Look at how a Doom Pool synthesizes all the aspects of “Jenga Tower as action resolution.”

* Oh no, the dice pool is building...things are growing increasingly dangerous...more out of my control. Who knows when it’s going to “go off” and everything goes to hell <like looking at the increasingly teetering tower>.

* Player makes a move <GM deploys Doom Pool to shut down the player move and send things calamitously spiraling out of your control>. OH NO! ITS ALL COMING APART! <Jenga tower collapses and badness happens>
I think you're missing the thrust, here. What's trying to be established is a weird kind of failure equivalency. It has been said that 5e lacks mechanical support for things and it is the GM that makes it work, so the trend I see is an attempt to reduce any mechanic from another game to a similar state by forcing through that it requires the GM it make it that way, thus making all games equivalent.

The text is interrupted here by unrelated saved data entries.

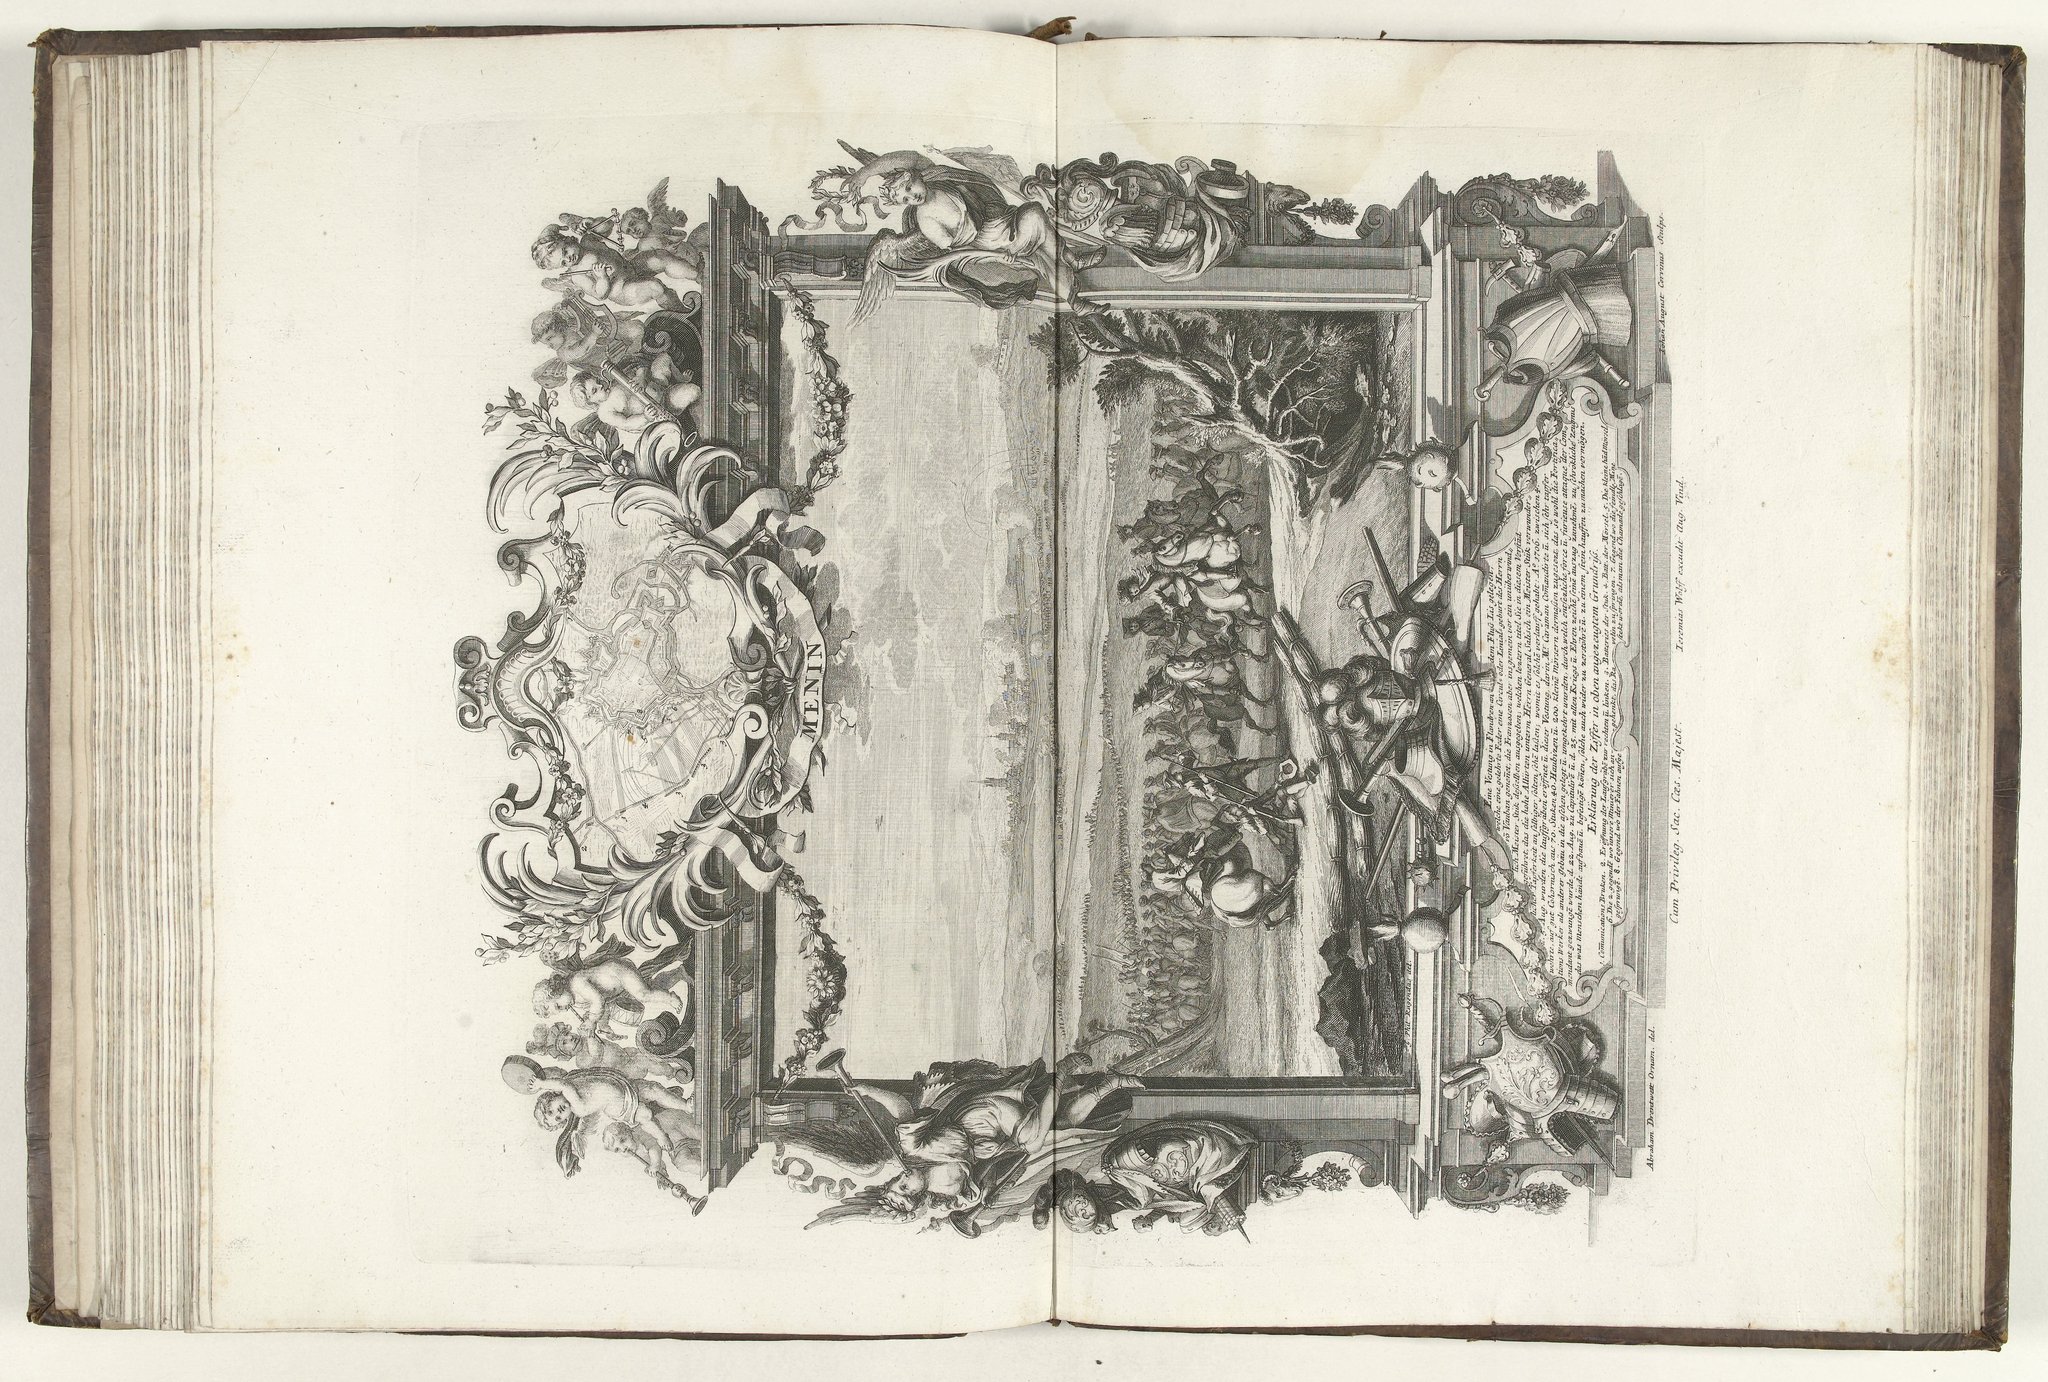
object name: history print
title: Menin
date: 1712-1715
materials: paper
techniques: engraving, etching
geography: augsburg
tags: siege, position war
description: Beleg en inname van Menen door de Geallieerden, belegerd vanaf 23 juli, ingenomen op 22 augustus 1706. In de centrale voorstelling het beleg, in een rijk versierde ornamentele omlijsting met bovenaan een cartouche met een plattegrond van het beleg. Onderaan een cartouche met de beschrijving van de gebeurtenissen in het Duits. Blad in de gebonden verzameling platen uitgebracht onder de titel: Repraesentatio belli ... Der Spanische Successions-Krieg [ca. 1720].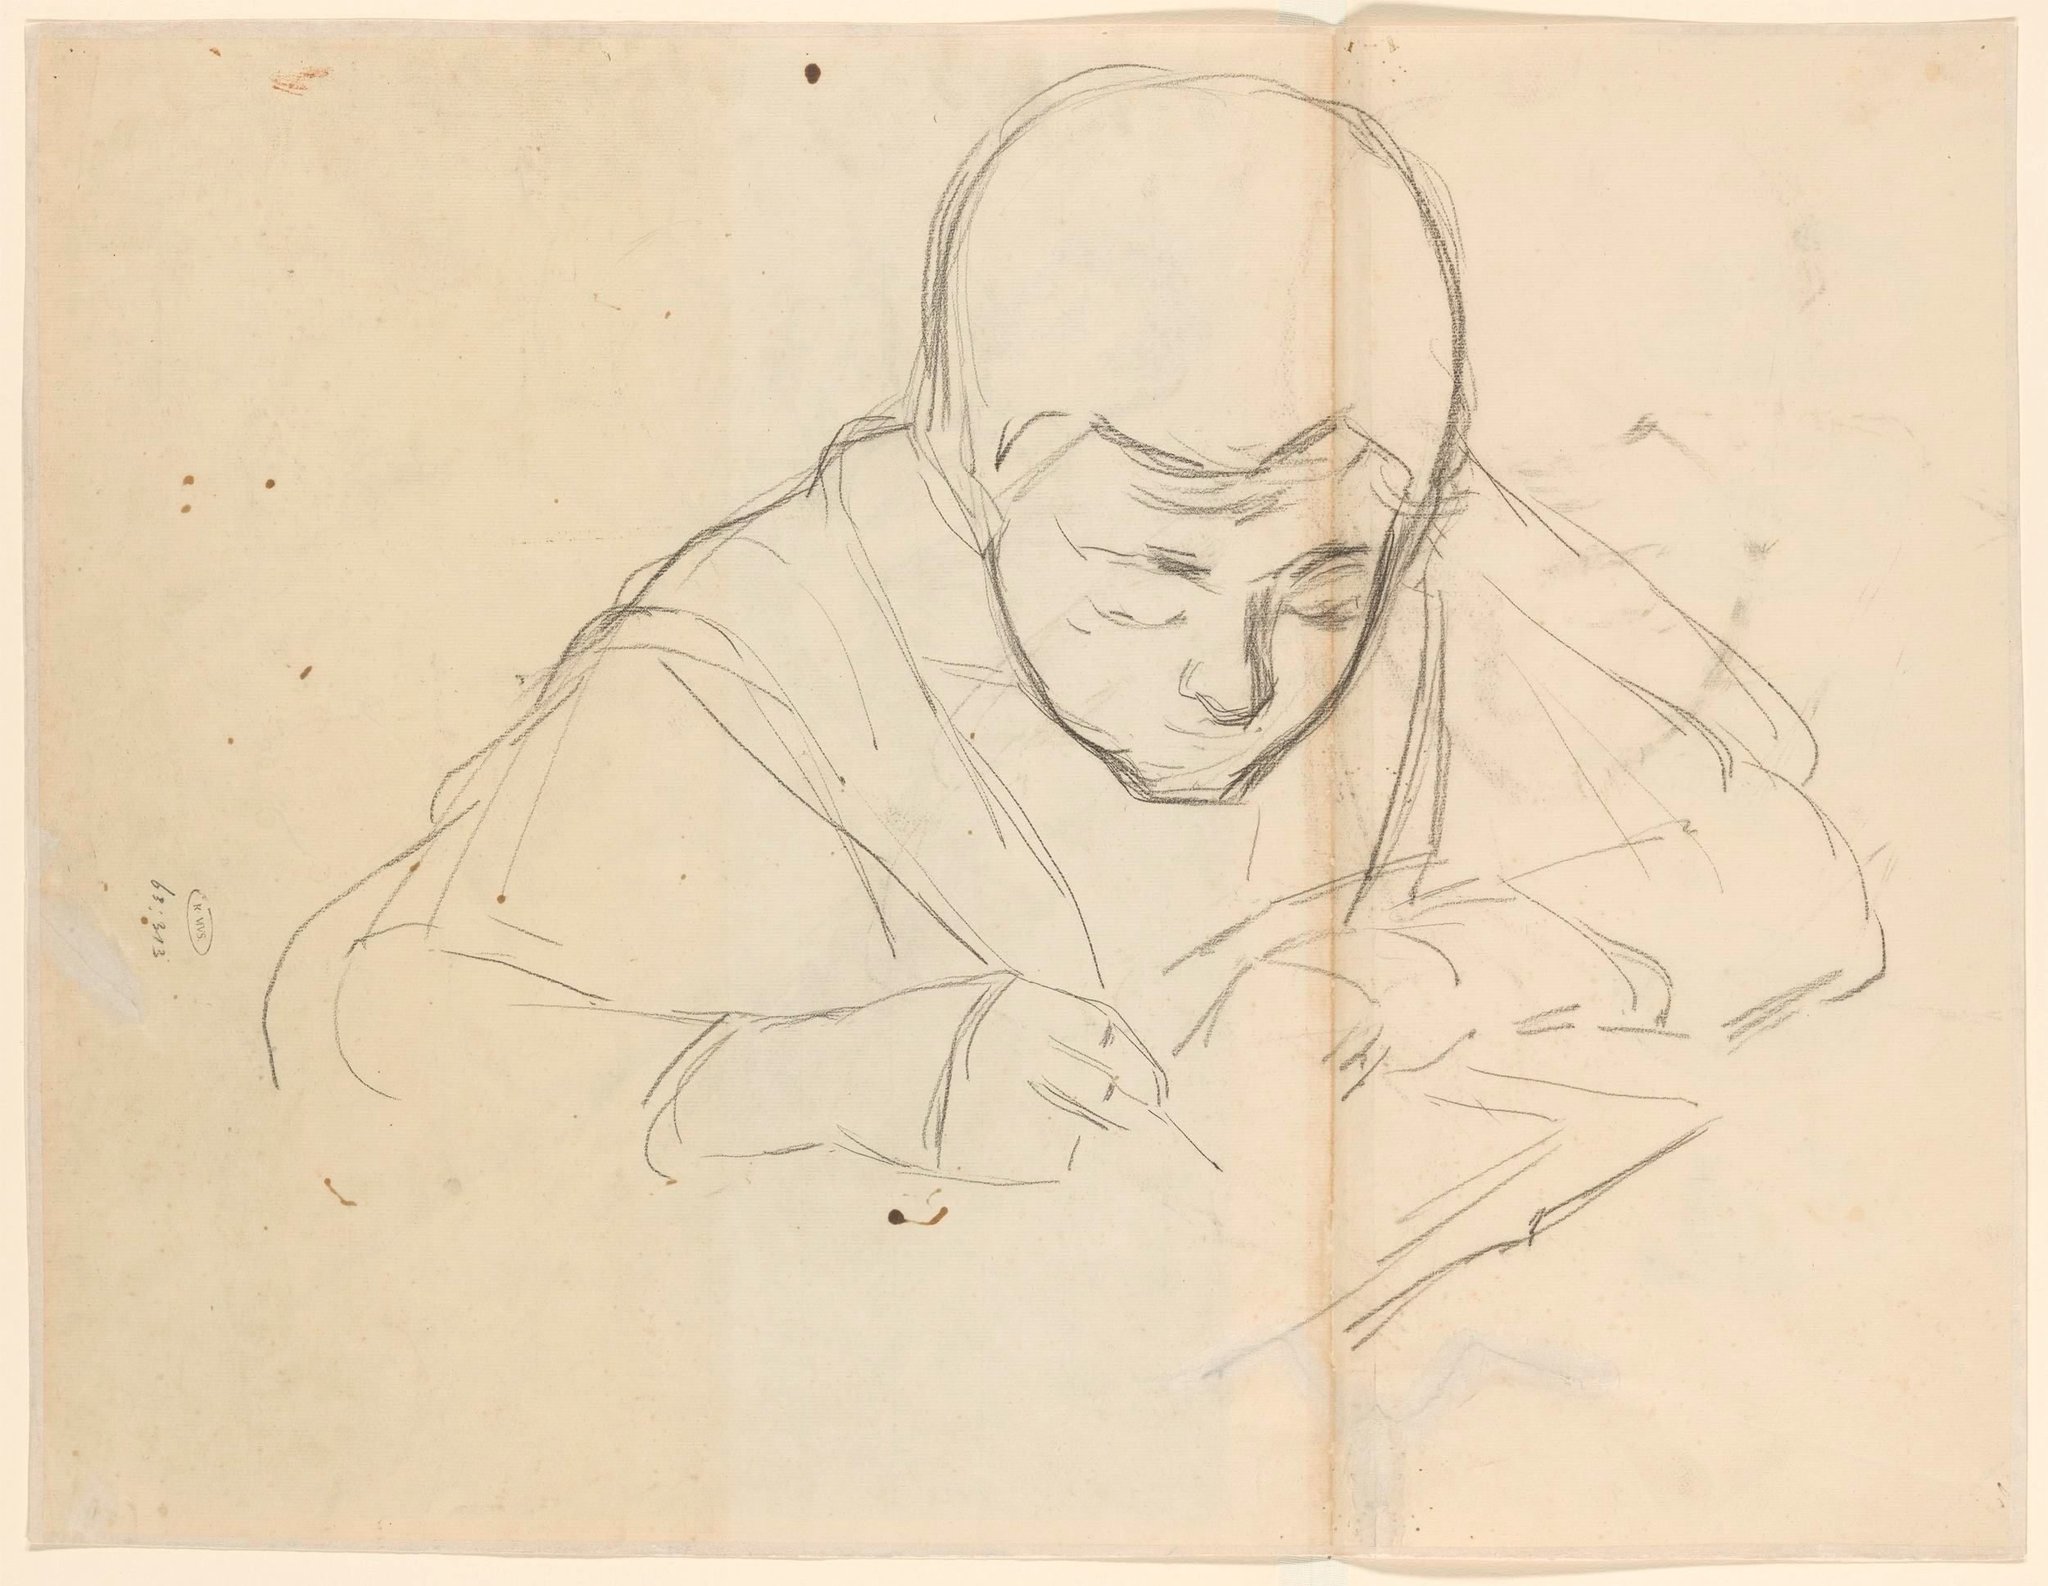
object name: drawing
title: Schrijvende jongen
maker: ferdinand oldewelt
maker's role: draughtsman, print maker
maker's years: 1857-1935
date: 1809-1891
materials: chalk, paper
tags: handwriting, writing as activity
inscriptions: date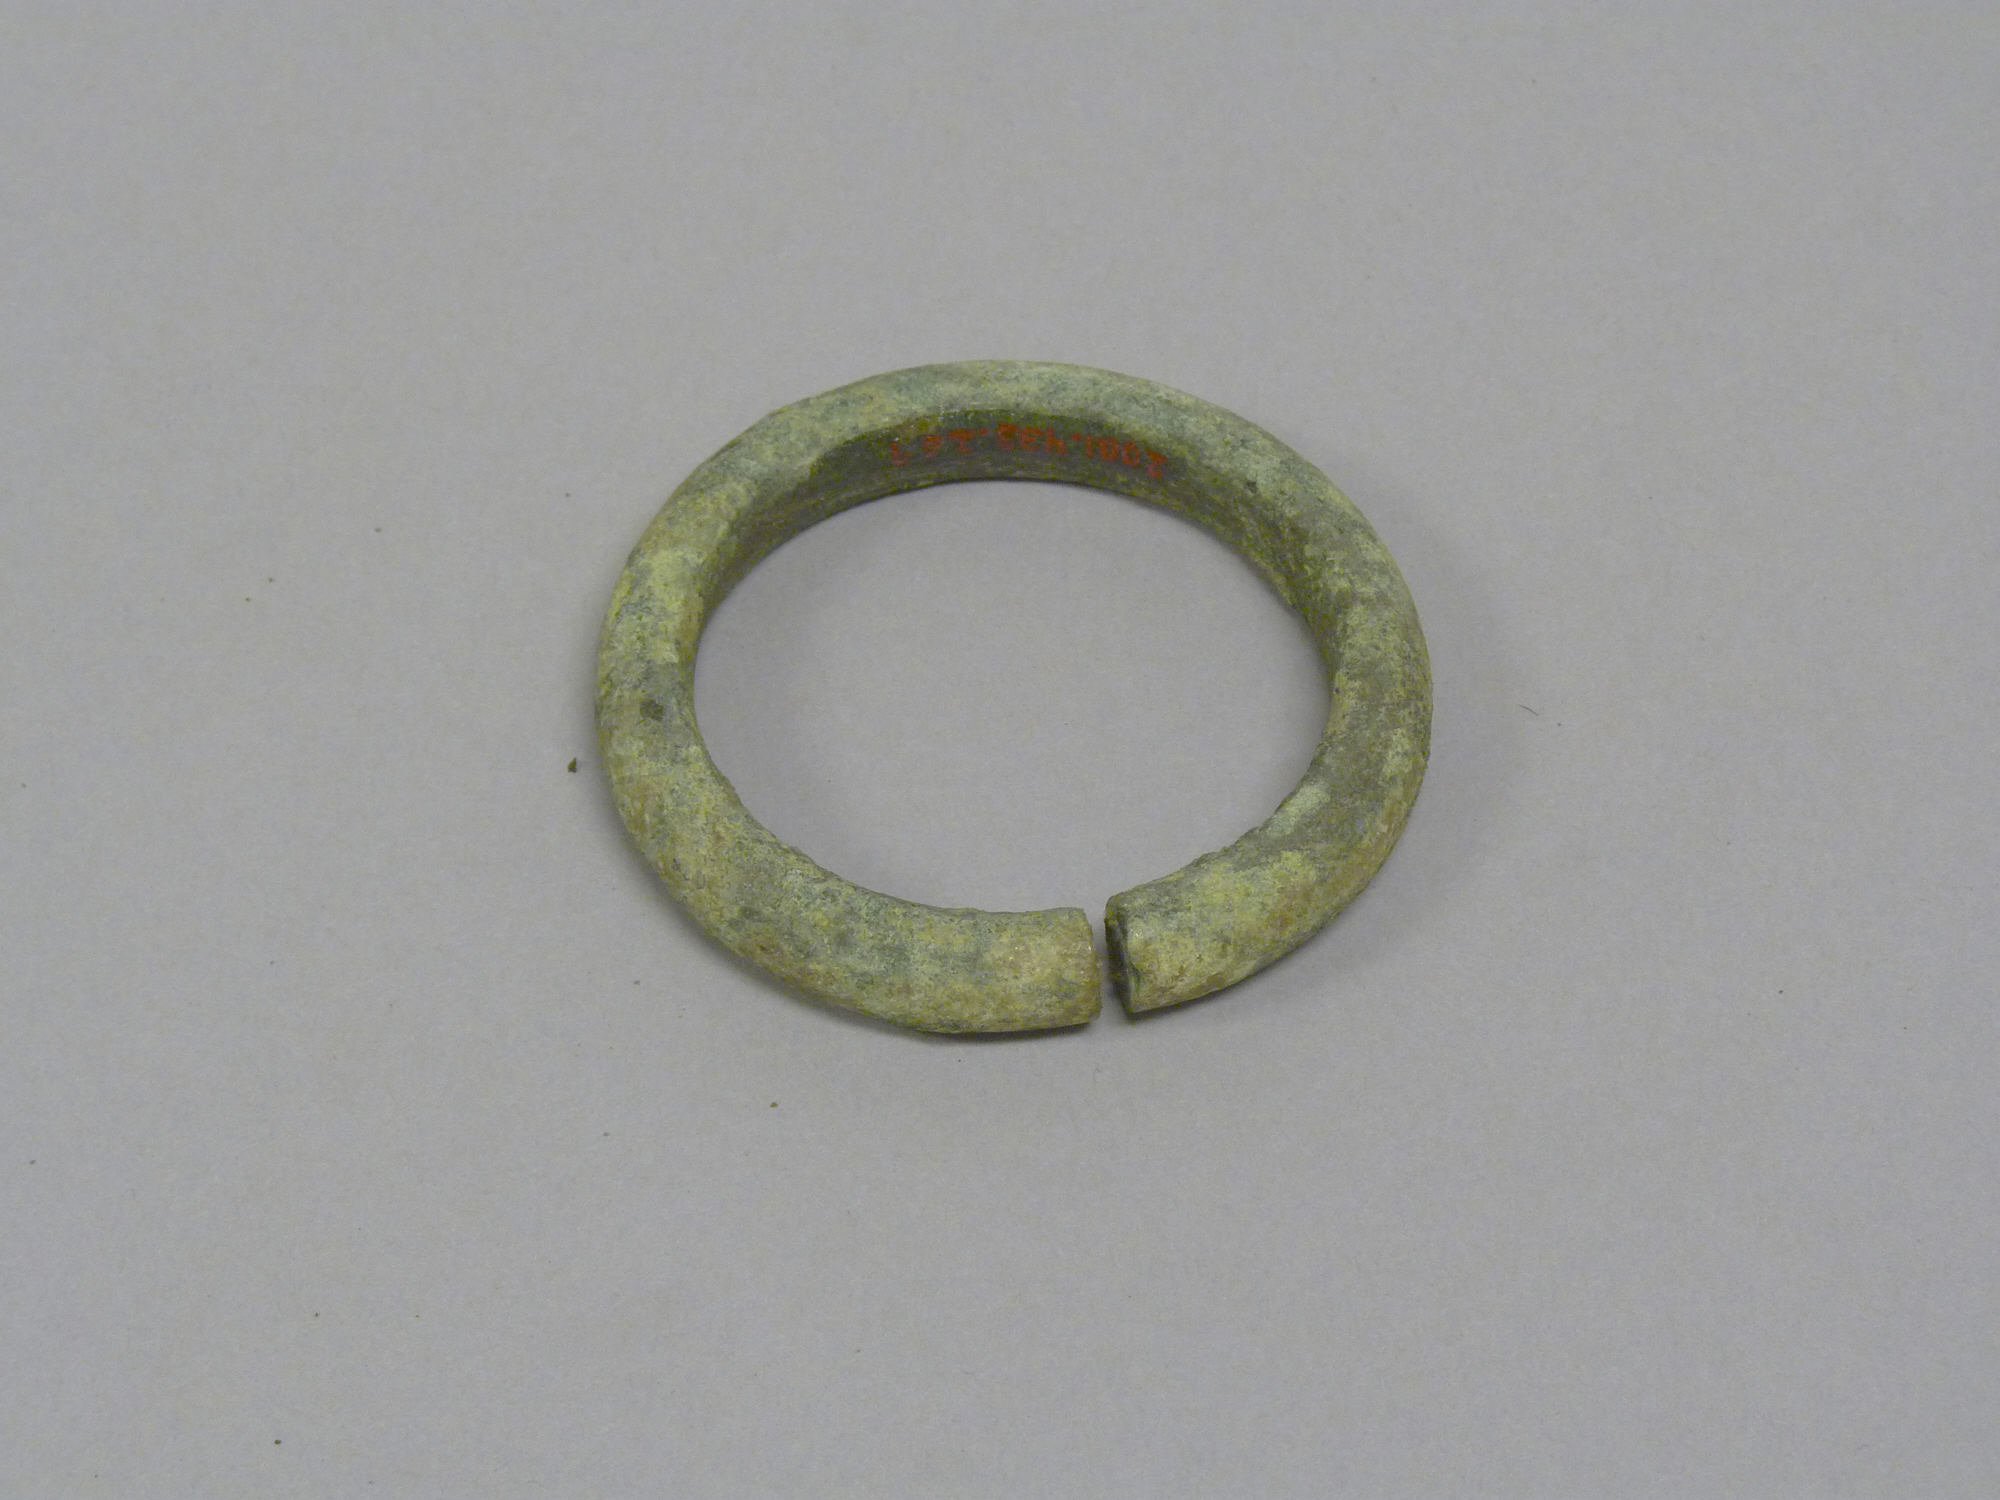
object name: solid undecorated bangle
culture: thai
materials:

This is, of course, false because the nature of RPGs requires humans to buy in and to make an effort for the game. That one game provides robust support for a thing and another provides weak support is not paticularly surprising. And that isn't changed at all by requiring players have some investment. But, this trend seems to drive towards this argument that because investment is still required, the game mechanics can't really be doing anything.

A good example is the statement that the Jenga tower doesn't do horror on it's own. True, but so what? If I'm a player doing horror the Dread mechanic supports this play extremely well. There's nothing at all similar in the 5e rules -- it's all on the GM, there.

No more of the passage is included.